When the unfinished connection queue is full, Listener blocked no longer receives new connection requests, And passselect()/poll() Wait for two queues to trigger writable events. When the completed connection queue is full, The listener will not receive new connection requests, meanwhile, The action that is preparing to move into the completed connection queue is blocked. stayLinux
2.2 before,listen() Function has abacklog Parameters, Used to set the maximum total length of these two queues( There's actually only one queue, But there are two states, See below." Little knowledge"), fromLinux
2.2 start, This parameter only indicates the completed queue(accept
queue) Maximum length of, and/proc/sys/net/ipv4/tcp_max_syn_backlog Used to set the unfinished queue(syn queue/syn
backlog) Maximum length of./proc/sys/net/core/somaxconn Hard limit the maximum length of completed queues, Default is128, Ifbacklog Parameter greater thansomaxconn, bebacklog Will be truncated to this hard limit.
When a connection in the queue is completedaccept() after, ExpressTCP Connection established, This connection will use its ownsocket buffer Data transmission with client
. thissocket buffer And monitoring socketsocket buffer It's all for storageTCP collect, Data sent, But their meaning is no longer the same: Listening on socketsocket
buffer admit of only interpretationTCP During connection requestsyn andack data; Just establishedTCP Connectedsocket
buffer The main stored content is transmitted at both ends" formal" data, For example, response data built by the server, Client initiatedHttp Request data.
Little knowledge: two typesTCP socket Actually, There are two different types ofTCP Socket implementation. The two types of queues described above areLinux
2.2 One of the following. There is another kind.(BSD Derivation) Only one queue is used for socket type of, In this single queue3 All connections during handshake, But each connection in the queue has two states:syn-recv andestablished.

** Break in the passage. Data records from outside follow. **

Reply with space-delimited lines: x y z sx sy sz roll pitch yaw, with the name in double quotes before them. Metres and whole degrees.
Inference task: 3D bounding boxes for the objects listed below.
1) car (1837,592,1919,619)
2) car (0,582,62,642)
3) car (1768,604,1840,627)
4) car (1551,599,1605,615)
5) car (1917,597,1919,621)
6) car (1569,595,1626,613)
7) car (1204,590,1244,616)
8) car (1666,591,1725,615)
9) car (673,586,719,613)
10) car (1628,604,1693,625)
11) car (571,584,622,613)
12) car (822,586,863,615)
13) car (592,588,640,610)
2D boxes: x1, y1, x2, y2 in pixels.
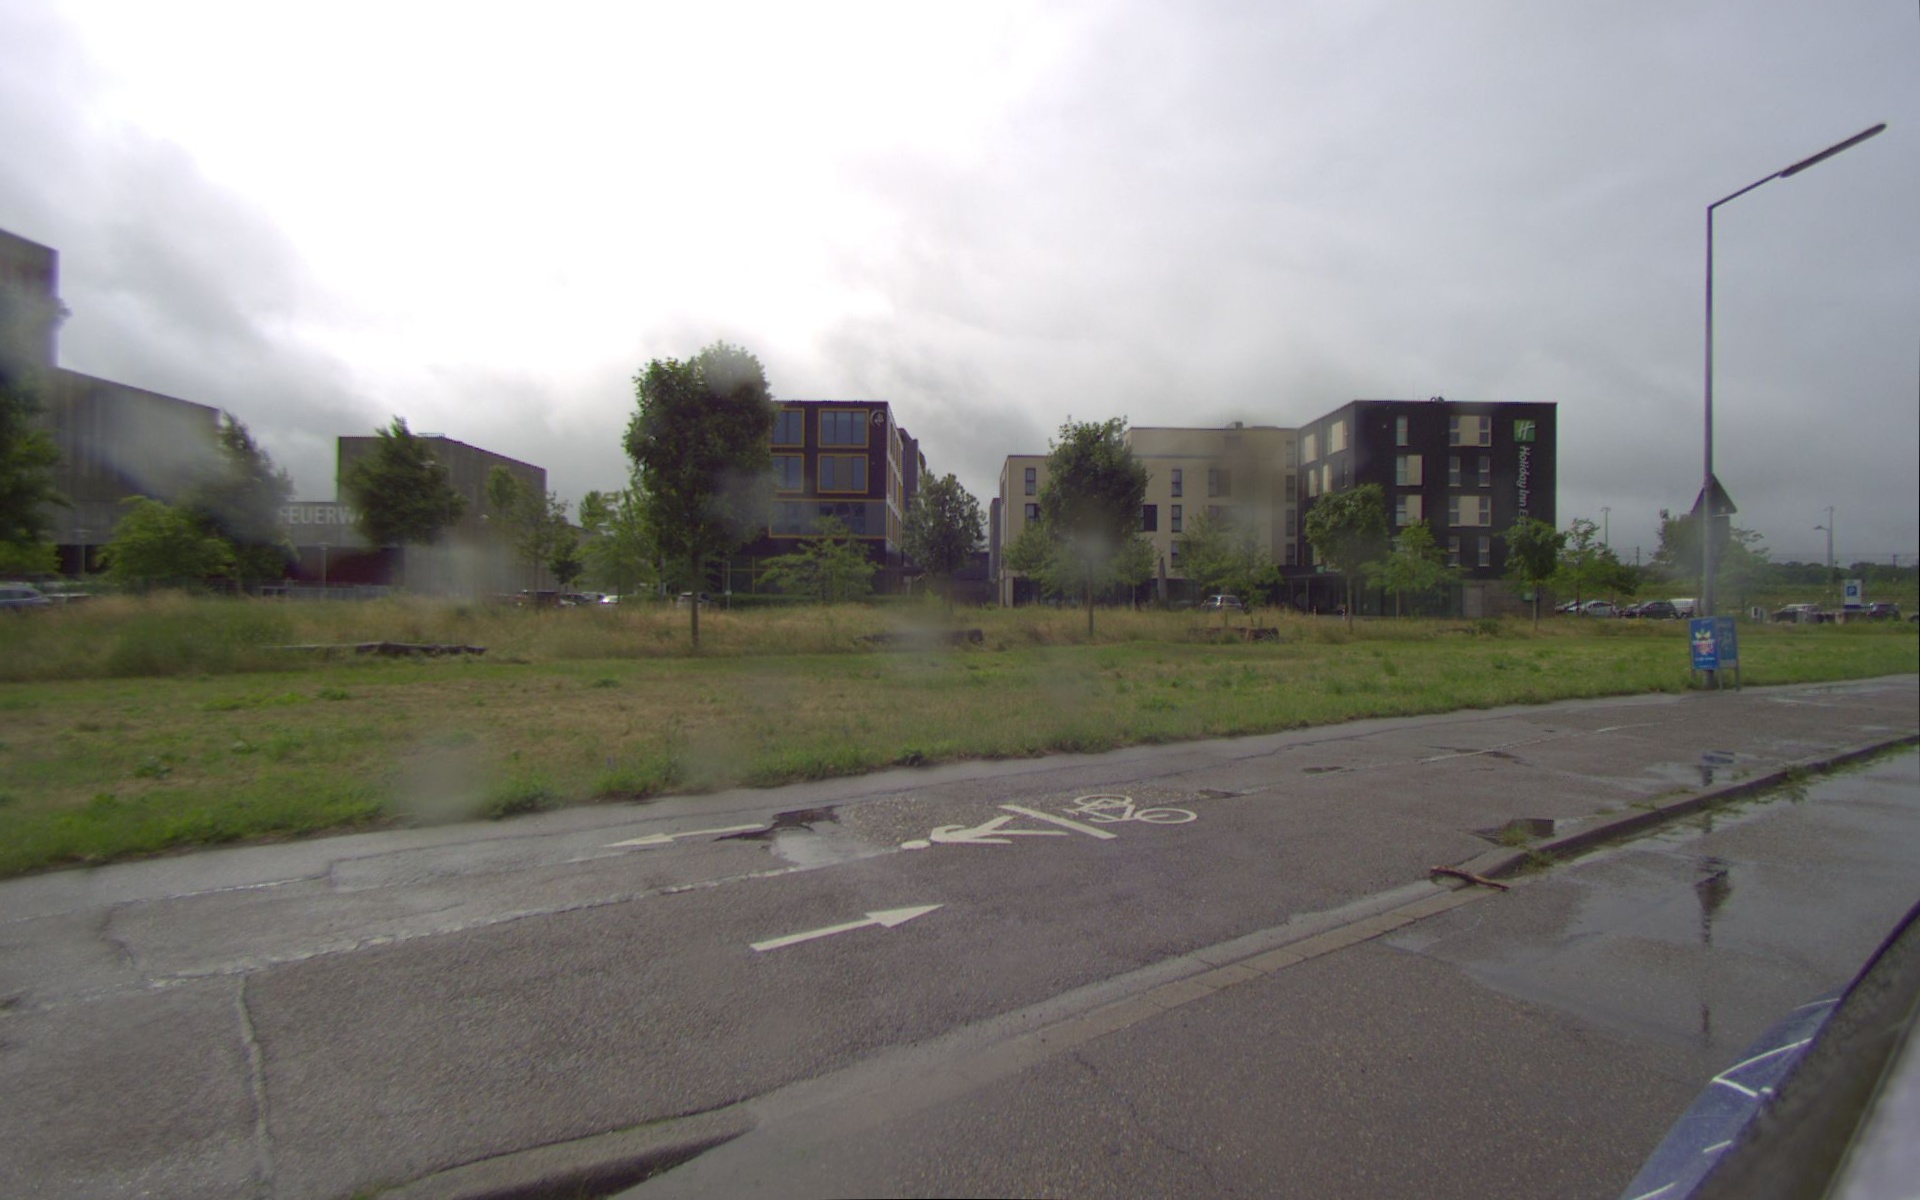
"car" 65.136 0.404 71.911 1.960 1.751 4.001 1 -3 -4
"car" -33.853 0.414 35.078 1.967 2.039 3.699 0 0 10
"car" 64.729 1.212 77.699 1.960 1.663 4.001 1 -3 -4
"car" 54.580 0.631 89.367 3.709 1.414 1.643 -1 -2 0
"car" 65.401 0.578 65.963 1.960 1.638 4.003 -2 0 -4
"car" 54.716 0.344 86.933 3.734 1.414 1.768 1 -3 -1
"car" 17.186 0.159 66.056 1.636 1.577 4.216 0 1 3
"car" 64.899 0.272 89.412 1.962 1.796 4.333 1 -5 0
"car" -17.202 -0.049 66.149 1.737 1.742 3.996 0 0 3
"car" 54.872 1.175 79.328 3.768 1.548 1.785 1 -3 -1
"car" -23.324 -0.119 65.014 1.774 1.794 3.999 1 1 1
"car" -7.639 0.010 66.278 1.963 1.784 4.554 0 0 3
"car" -26.859 -0.101 79.144 1.963 1.612 4.785 1 1 3

Recv-Q andSend-Q Explanation

netstat ImperativeSend-Q andRecv-Q The list showssocket buffer Related content, Below isman netstat Explanation.
Recv-Q Established: The count of bytes not copied by the user program
connected tothis socket. Listening: Since Kernel 2.6.18 this column contains
the current syn backlog. Send-QEstablished: The count of bytes not acknowledged
by the remote host. Listening: Since Kernel 2.6.18 this column contains the
maximum sizeof the syn backlog.
For listening socket,Recv-Q Represents the currentsyn backlog, Piled upsyn Number of messages, That is, the current number of connections in the unfinished queue,Send-Q It means thatsyn
backlog Maximum value, That is to say, the maximum number of connections in the unfinished connection queue;
For establishedtcp Connect,Recv-Q The list showsrecv buffer The size of data not copied by user process in
,Send-Q The list shows that the remote host has not returnedACK Message data size.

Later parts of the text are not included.